The problem:
Where an image appears in the data, omit it and reproduce the rest exactly.

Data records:
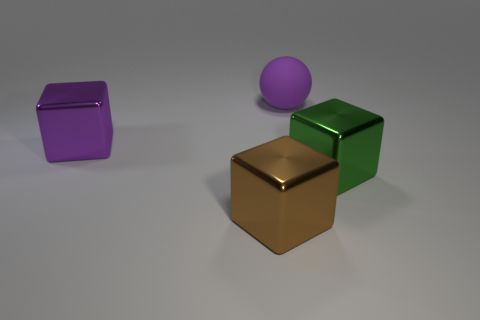Subtract all large purple metal cubes. How many cubes are left? 2 Add 1 tiny purple cylinders. How many objects exist? 5 Subtract all brown cubes. How many cubes are left? 2 Subtract 1 spheres. How many spheres are left? 0 Subtract all big green metal cubes. Subtract all big yellow rubber cylinders. How many objects are left? 3 Add 2 brown metallic blocks. How many brown metallic blocks are left? 3 Add 1 blue objects. How many blue objects exist? 1 Subtract 0 red cubes. How many objects are left? 4 Subtract all blocks. How many objects are left? 1 Subtract all cyan cubes. Subtract all cyan cylinders. How many cubes are left? 3 
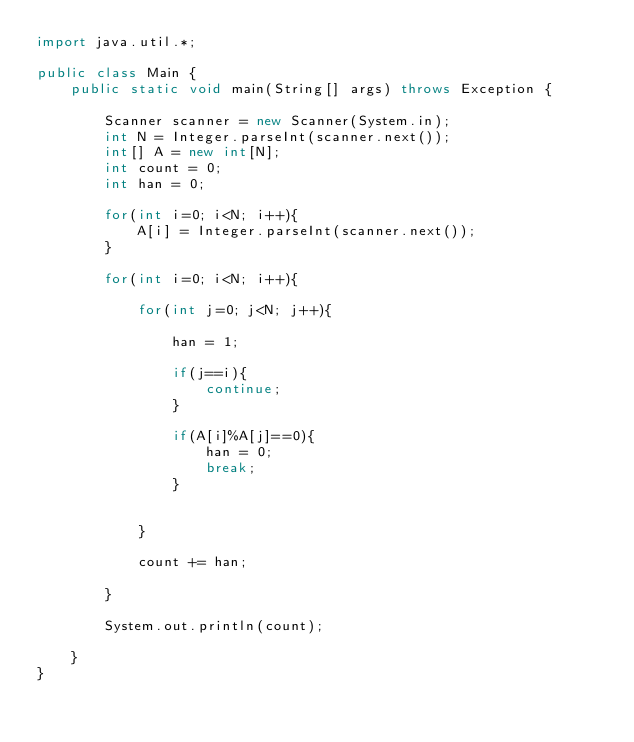Convert code to text. <code><loc_0><loc_0><loc_500><loc_500><_Java_>import java.util.*;

public class Main {
    public static void main(String[] args) throws Exception {
        
        Scanner scanner = new Scanner(System.in);
        int N = Integer.parseInt(scanner.next()); 
        int[] A = new int[N]; 
        int count = 0;
        int han = 0;
        
        for(int i=0; i<N; i++){
            A[i] = Integer.parseInt(scanner.next());
        }
        
        for(int i=0; i<N; i++){
            
            for(int j=0; j<N; j++){
                
                han = 1;
                
                if(j==i){
                    continue;
                }
                
                if(A[i]%A[j]==0){
                    han = 0;
                    break;
                }
                
                
            }
            
            count += han;
            
        }
        
        System.out.println(count);
        
    }
}
</code> 
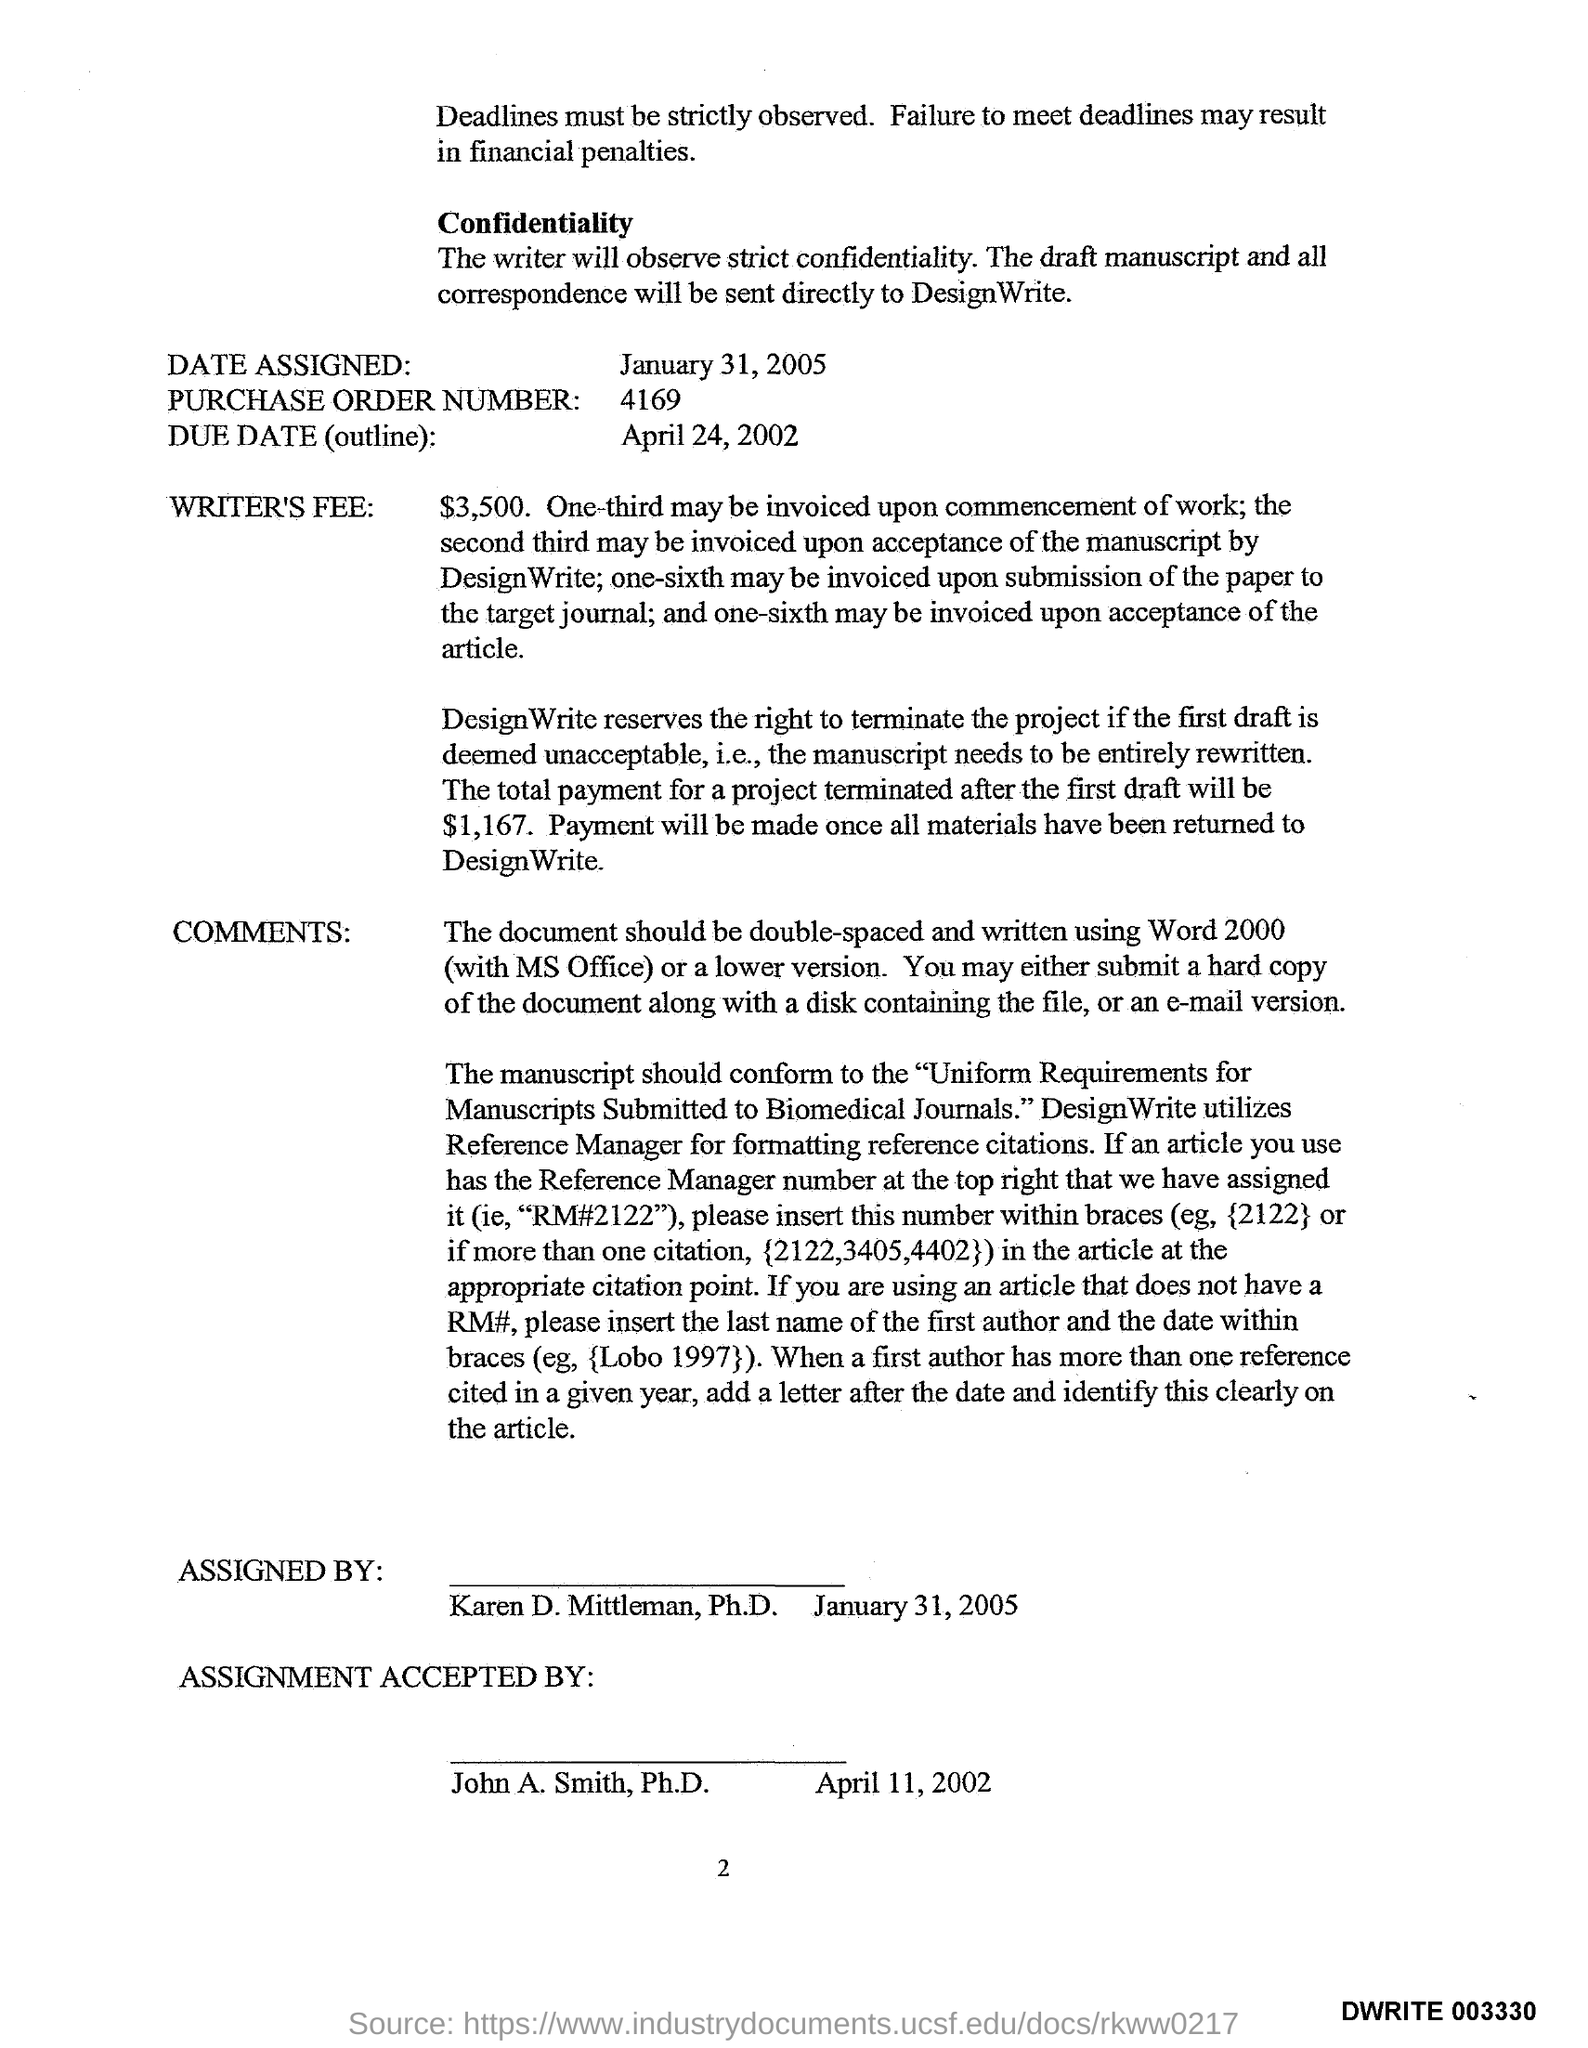What is the Date Assigned as per the document?
Your answer should be compact. January 31, 2005. What is the Purchase Order Number given in the document?
Your answer should be very brief. 4169. What is the Due Date(outline) mentioned in the document?
Provide a succinct answer. April 24, 2002. How much is the Writer's Fee?
Your response must be concise. $3,500. Who has accepted the assignment?
Keep it short and to the point. John A. Smith, Ph.D. When was the assignment accepted by John A. Smith, Ph.D.?
Ensure brevity in your answer.  April 11, 2002. 
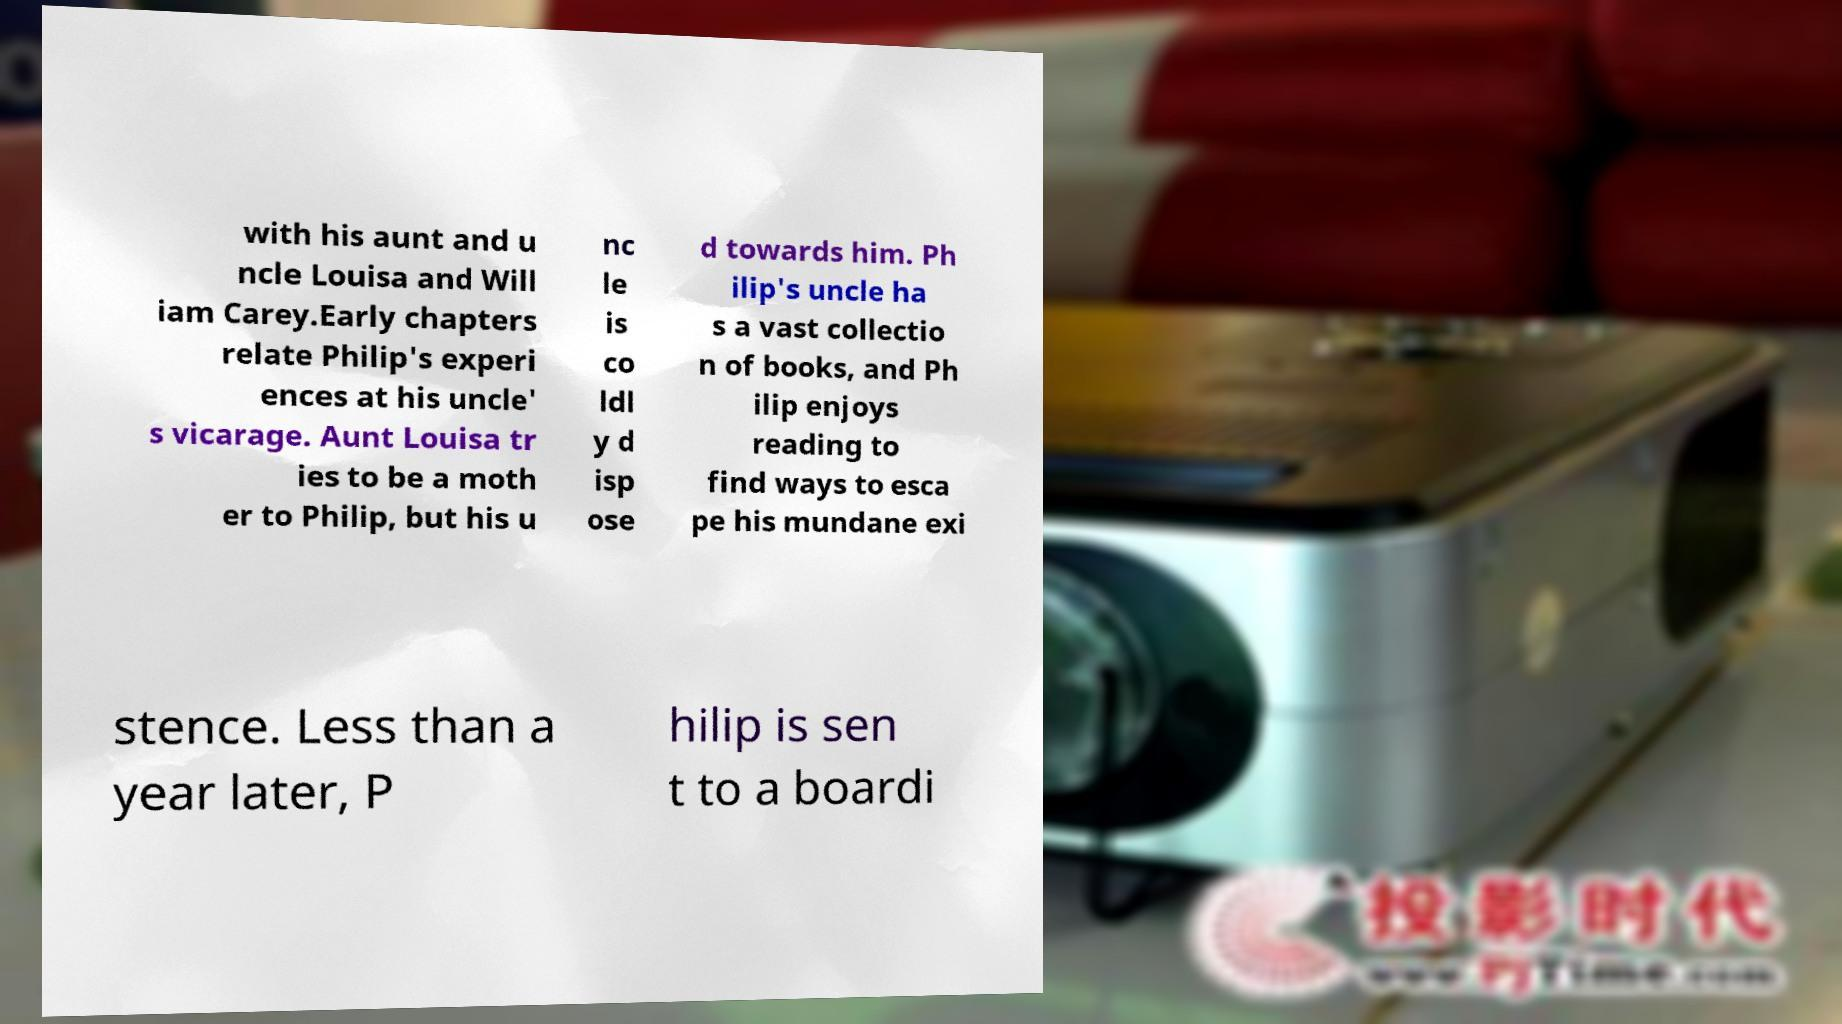I need the written content from this picture converted into text. Can you do that? with his aunt and u ncle Louisa and Will iam Carey.Early chapters relate Philip's experi ences at his uncle' s vicarage. Aunt Louisa tr ies to be a moth er to Philip, but his u nc le is co ldl y d isp ose d towards him. Ph ilip's uncle ha s a vast collectio n of books, and Ph ilip enjoys reading to find ways to esca pe his mundane exi stence. Less than a year later, P hilip is sen t to a boardi 
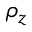<formula> <loc_0><loc_0><loc_500><loc_500>\rho _ { z }</formula> 
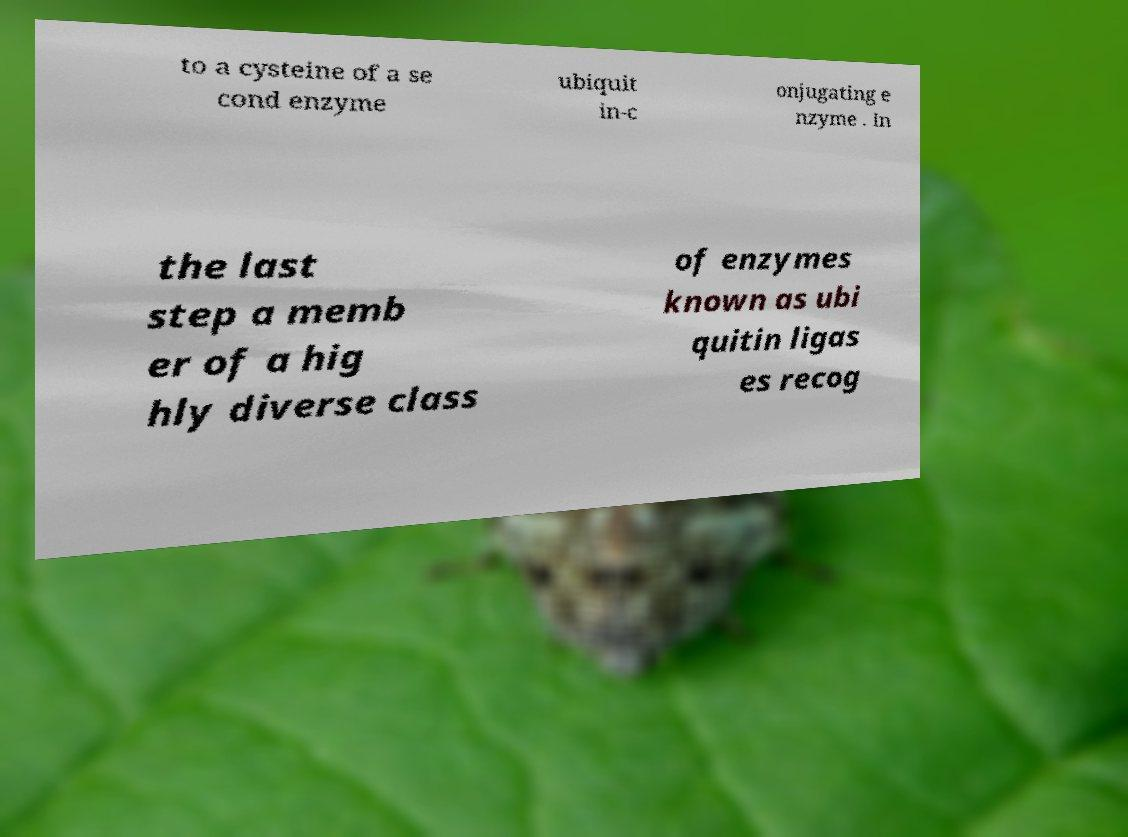Could you extract and type out the text from this image? to a cysteine of a se cond enzyme ubiquit in-c onjugating e nzyme . In the last step a memb er of a hig hly diverse class of enzymes known as ubi quitin ligas es recog 
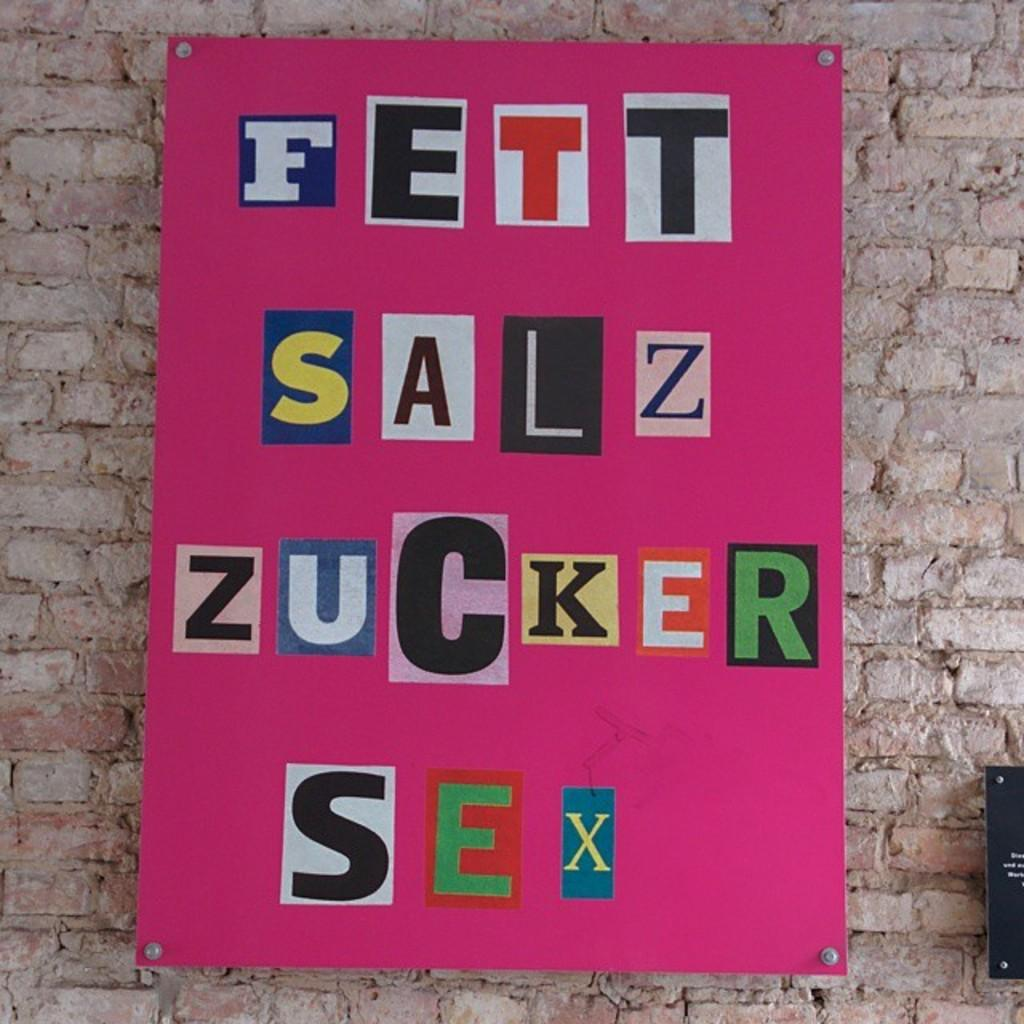<image>
Write a terse but informative summary of the picture. a pink poter board with cut out letters spelling fett sale zucker sex 
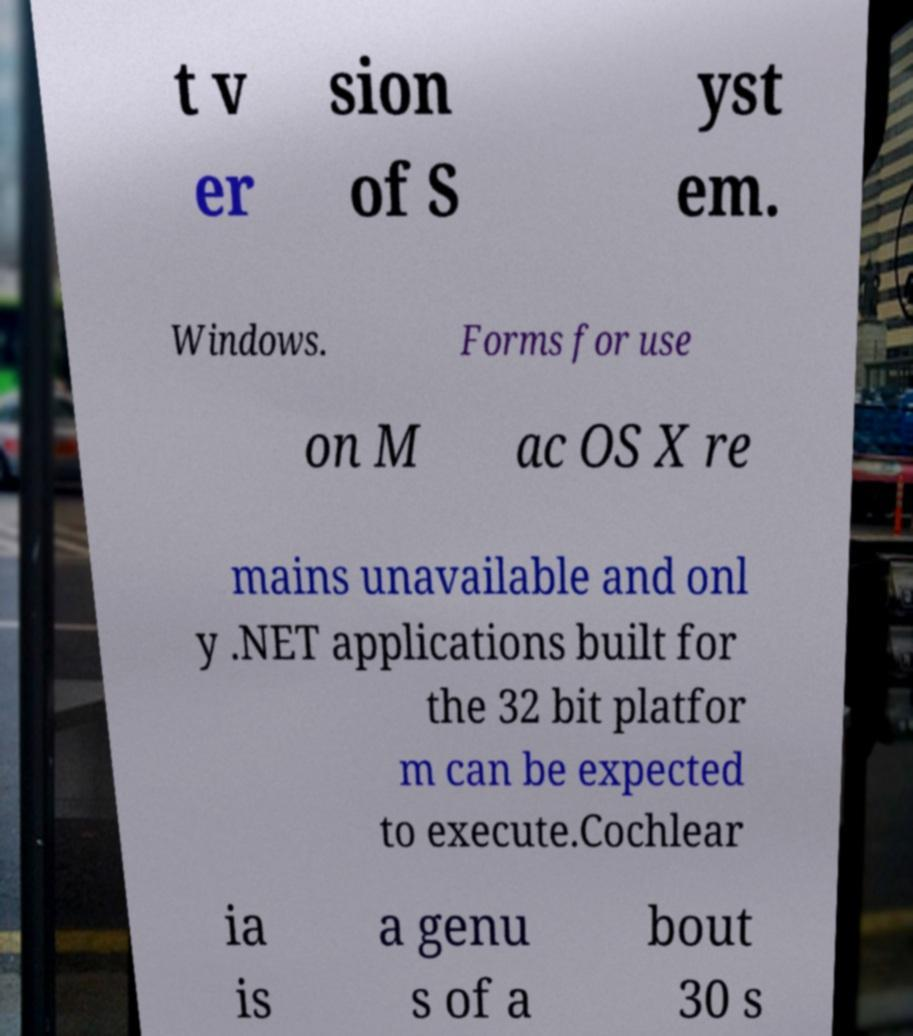Please identify and transcribe the text found in this image. t v er sion of S yst em. Windows. Forms for use on M ac OS X re mains unavailable and onl y .NET applications built for the 32 bit platfor m can be expected to execute.Cochlear ia is a genu s of a bout 30 s

Your response:
Subtract all large purple metal cubes. How many cubes are left? 2 Add 1 tiny purple cylinders. How many objects exist? 5 Subtract all brown cubes. How many cubes are left? 2 Subtract 1 spheres. How many spheres are left? 0 Subtract all big green metal cubes. Subtract all big yellow rubber cylinders. How many objects are left? 3 Add 2 brown metallic blocks. How many brown metallic blocks are left? 3 Add 1 blue objects. How many blue objects exist? 1 Subtract 0 red cubes. How many objects are left? 4 Subtract all blocks. How many objects are left? 1 Subtract all cyan cubes. Subtract all cyan cylinders. How many cubes are left? 3 
Convert code to text. <code><loc_0><loc_0><loc_500><loc_500><_Java_>import java.util.*;

public class Main {
    public static void main(String[] args) throws Exception {
        
        Scanner scanner = new Scanner(System.in);
        int N = Integer.parseInt(scanner.next()); 
        int[] A = new int[N]; 
        int count = 0;
        int han = 0;
        
        for(int i=0; i<N; i++){
            A[i] = Integer.parseInt(scanner.next());
        }
        
        for(int i=0; i<N; i++){
            
            for(int j=0; j<N; j++){
                
                han = 1;
                
                if(j==i){
                    continue;
                }
                
                if(A[i]%A[j]==0){
                    han = 0;
                    break;
                }
                
                
            }
            
            count += han;
            
        }
        
        System.out.println(count);
        
    }
}
</code> 
What is the Date Assigned as per the document?
Your answer should be compact. January 31, 2005. What is the Purchase Order Number given in the document?
Your answer should be very brief. 4169. What is the Due Date(outline) mentioned in the document?
Provide a succinct answer. April 24, 2002. How much is the Writer's Fee?
Your response must be concise. $3,500. Who has accepted the assignment?
Keep it short and to the point. John A. Smith, Ph.D. When was the assignment accepted by John A. Smith, Ph.D.?
Ensure brevity in your answer.  April 11, 2002. 
I need the written content from this picture converted into text. Can you do that? with his aunt and u ncle Louisa and Will iam Carey.Early chapters relate Philip's experi ences at his uncle' s vicarage. Aunt Louisa tr ies to be a moth er to Philip, but his u nc le is co ldl y d isp ose d towards him. Ph ilip's uncle ha s a vast collectio n of books, and Ph ilip enjoys reading to find ways to esca pe his mundane exi stence. Less than a year later, P hilip is sen t to a boardi 
<formula> <loc_0><loc_0><loc_500><loc_500>\rho _ { z }</formula> 
Could you extract and type out the text from this image? to a cysteine of a se cond enzyme ubiquit in-c onjugating e nzyme . In the last step a memb er of a hig hly diverse class of enzymes known as ubi quitin ligas es recog 
<image>
Write a terse but informative summary of the picture. a pink poter board with cut out letters spelling fett sale zucker sex 
Please identify and transcribe the text found in this image. t v er sion of S yst em. Windows. Forms for use on M ac OS X re mains unavailable and onl y .NET applications built for the 32 bit platfor m can be expected to execute.Cochlear ia is a genu s of a bout 30 s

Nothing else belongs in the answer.